Once the line with "3. car (178,178,185,185)" is found in the material, write out that line and every later line exactly, through the end.
**** Data for the task
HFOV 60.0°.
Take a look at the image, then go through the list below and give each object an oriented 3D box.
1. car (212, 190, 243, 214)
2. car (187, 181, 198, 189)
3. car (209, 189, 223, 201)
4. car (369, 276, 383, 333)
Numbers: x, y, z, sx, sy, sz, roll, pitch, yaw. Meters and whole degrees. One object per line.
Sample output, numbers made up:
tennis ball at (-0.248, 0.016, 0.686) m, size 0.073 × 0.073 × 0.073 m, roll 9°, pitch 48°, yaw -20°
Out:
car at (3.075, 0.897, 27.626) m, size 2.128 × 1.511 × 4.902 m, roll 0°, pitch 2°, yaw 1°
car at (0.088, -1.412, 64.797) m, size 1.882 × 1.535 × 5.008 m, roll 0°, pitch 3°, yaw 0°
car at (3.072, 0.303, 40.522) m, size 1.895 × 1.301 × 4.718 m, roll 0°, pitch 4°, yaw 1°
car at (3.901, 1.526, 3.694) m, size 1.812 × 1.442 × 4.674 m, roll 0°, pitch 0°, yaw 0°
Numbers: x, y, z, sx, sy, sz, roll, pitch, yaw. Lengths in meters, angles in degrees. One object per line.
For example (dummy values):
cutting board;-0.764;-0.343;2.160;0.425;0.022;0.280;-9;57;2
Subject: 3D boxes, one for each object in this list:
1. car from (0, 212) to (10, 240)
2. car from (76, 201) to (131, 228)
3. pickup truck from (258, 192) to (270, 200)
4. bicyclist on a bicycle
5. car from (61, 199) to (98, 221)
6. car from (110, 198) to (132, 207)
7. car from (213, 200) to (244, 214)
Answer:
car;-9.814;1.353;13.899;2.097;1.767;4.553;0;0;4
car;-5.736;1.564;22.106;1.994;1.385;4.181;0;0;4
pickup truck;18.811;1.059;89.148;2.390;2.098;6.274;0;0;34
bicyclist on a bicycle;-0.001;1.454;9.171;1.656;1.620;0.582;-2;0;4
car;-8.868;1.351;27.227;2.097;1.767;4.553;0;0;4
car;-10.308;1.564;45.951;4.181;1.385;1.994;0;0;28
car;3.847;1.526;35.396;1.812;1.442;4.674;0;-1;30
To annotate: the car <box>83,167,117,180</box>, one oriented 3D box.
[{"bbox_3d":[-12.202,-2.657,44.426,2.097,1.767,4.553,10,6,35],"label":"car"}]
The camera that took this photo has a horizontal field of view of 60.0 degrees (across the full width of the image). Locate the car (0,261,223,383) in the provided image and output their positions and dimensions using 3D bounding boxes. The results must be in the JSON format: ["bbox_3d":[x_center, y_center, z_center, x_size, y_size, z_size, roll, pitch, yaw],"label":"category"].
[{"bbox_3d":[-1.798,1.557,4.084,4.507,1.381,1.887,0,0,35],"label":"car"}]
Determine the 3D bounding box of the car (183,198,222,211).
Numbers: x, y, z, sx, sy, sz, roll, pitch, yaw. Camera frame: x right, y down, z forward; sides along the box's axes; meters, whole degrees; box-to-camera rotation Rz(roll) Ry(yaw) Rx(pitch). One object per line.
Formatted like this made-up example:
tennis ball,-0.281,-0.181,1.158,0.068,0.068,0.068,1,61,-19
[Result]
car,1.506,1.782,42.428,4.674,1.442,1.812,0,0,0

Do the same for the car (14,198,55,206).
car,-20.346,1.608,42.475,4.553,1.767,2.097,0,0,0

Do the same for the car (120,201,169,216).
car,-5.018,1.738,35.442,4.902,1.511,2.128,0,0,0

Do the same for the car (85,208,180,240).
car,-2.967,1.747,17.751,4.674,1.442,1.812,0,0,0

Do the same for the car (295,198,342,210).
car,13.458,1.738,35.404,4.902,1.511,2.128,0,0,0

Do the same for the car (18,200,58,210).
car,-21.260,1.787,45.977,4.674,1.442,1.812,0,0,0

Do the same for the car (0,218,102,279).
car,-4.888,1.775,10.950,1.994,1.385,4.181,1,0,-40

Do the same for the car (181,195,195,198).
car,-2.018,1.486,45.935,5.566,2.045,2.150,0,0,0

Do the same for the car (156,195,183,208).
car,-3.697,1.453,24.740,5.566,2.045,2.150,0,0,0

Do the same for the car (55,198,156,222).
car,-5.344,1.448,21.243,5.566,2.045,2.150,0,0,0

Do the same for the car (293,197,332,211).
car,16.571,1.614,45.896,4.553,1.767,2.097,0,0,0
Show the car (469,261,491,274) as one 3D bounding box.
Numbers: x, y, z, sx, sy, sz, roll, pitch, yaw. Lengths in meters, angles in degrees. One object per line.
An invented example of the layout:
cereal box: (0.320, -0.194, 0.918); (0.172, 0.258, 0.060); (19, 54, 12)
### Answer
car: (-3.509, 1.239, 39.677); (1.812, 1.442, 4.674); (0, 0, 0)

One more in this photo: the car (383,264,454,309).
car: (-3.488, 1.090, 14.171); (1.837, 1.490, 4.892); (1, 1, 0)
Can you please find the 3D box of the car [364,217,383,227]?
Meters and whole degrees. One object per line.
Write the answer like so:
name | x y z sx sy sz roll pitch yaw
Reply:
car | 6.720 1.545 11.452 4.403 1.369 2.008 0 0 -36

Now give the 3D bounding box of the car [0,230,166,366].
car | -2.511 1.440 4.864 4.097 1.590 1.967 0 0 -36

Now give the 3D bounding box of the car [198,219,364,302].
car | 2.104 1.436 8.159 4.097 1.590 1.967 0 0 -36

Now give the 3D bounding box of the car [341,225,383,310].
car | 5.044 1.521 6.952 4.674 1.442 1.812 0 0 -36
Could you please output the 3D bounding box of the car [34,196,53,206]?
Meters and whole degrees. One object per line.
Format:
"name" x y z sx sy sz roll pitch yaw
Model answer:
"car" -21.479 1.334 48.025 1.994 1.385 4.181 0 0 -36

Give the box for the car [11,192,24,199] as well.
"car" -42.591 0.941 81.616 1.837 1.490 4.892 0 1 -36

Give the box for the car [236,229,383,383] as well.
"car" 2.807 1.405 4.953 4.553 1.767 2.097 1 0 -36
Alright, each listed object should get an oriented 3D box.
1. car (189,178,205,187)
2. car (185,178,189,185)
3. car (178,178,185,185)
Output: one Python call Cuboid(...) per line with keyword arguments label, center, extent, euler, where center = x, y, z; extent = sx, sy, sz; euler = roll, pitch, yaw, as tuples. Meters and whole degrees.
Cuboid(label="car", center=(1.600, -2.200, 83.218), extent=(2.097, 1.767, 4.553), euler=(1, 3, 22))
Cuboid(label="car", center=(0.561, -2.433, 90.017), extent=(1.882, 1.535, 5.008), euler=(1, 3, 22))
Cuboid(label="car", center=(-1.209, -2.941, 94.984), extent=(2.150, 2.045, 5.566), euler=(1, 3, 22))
********
◆ Written reply
3. car (178,178,185,185)
Output: one Python call Cuboid(...) per line with keyword arguments label, center, extent, euler, where center = x, y, z; extent = sx, sy, sz; euler = roll, pitch, yaw, as tuples. Meters and whole degrees.
Cuboid(label="car", center=(1.600, -2.200, 83.218), extent=(2.097, 1.767, 4.553), euler=(1, 3, 22))
Cuboid(label="car", center=(0.561, -2.433, 90.017), extent=(1.882, 1.535, 5.008), euler=(1, 3, 22))
Cuboid(label="car", center=(-1.209, -2.941, 94.984), extent=(2.150, 2.045, 5.566), euler=(1, 3, 22))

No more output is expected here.